_Dataset content_.

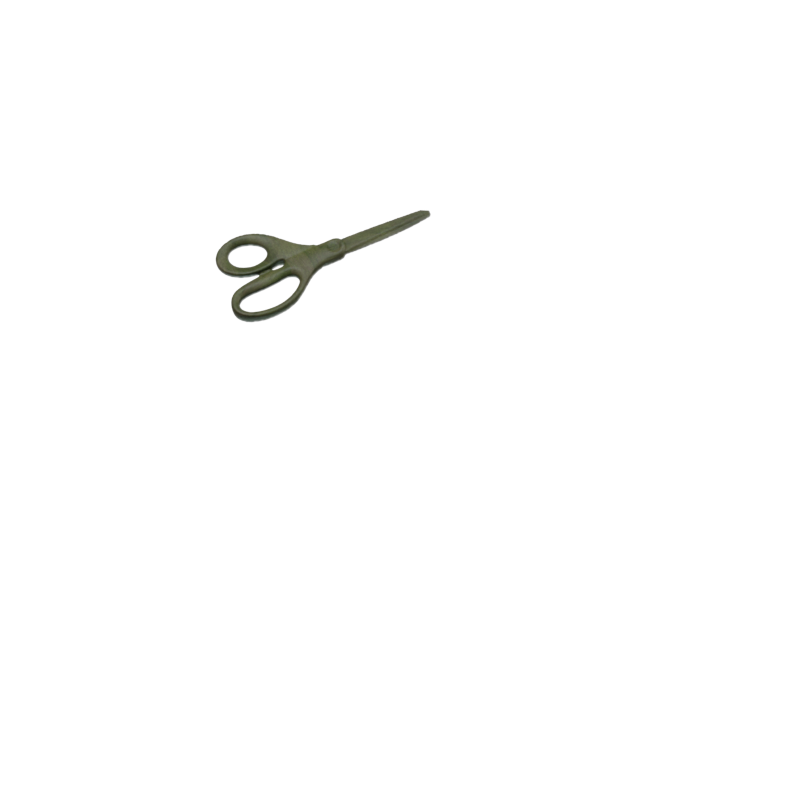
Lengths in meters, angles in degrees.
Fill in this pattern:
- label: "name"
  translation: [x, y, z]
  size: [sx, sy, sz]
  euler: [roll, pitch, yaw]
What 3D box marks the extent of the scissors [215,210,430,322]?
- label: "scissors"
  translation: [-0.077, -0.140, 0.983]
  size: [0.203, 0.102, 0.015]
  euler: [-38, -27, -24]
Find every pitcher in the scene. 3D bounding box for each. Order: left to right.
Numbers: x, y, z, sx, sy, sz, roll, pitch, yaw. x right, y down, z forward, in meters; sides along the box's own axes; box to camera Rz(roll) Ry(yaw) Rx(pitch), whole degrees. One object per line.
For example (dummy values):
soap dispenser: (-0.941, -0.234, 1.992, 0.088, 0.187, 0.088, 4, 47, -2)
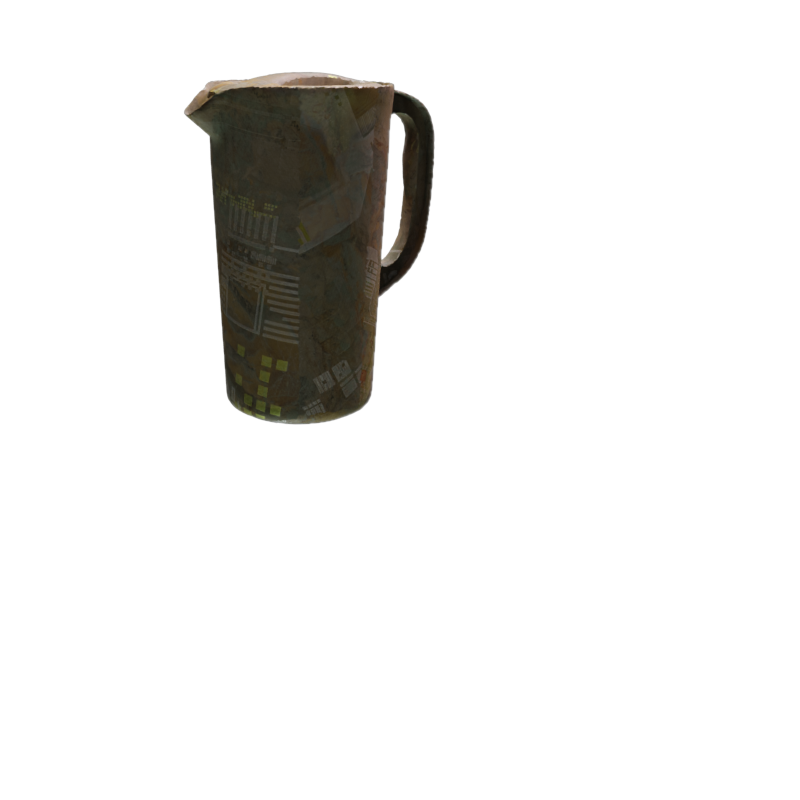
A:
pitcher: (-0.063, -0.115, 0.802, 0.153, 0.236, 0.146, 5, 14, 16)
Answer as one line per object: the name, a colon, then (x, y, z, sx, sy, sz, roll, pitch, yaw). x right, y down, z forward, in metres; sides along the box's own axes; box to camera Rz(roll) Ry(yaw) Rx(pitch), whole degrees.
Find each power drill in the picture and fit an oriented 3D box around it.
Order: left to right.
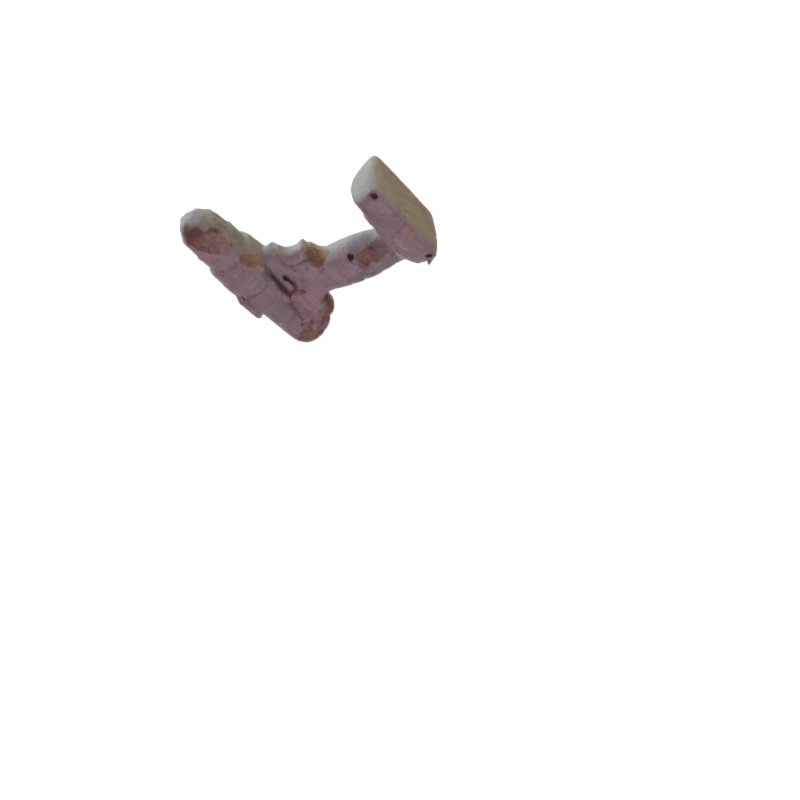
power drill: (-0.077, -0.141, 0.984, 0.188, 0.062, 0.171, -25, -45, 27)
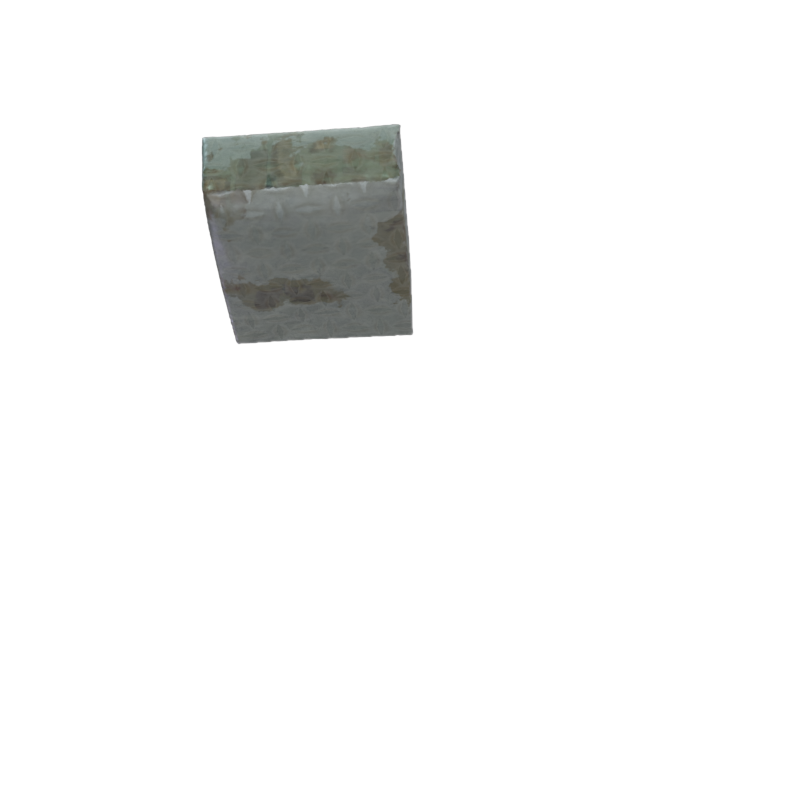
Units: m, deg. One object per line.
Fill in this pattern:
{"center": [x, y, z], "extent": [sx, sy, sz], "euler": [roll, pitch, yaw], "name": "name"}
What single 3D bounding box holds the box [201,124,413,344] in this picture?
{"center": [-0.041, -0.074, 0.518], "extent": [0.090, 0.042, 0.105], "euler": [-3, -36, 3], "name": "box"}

_Task brief_. Return every line holding the word "Find" from the records.

_Written response_.
Find every pitcher in the scene. 3D bounding box for each. Order: left to right.
Find each power drill in the picture and fit an oriented 3D box around it.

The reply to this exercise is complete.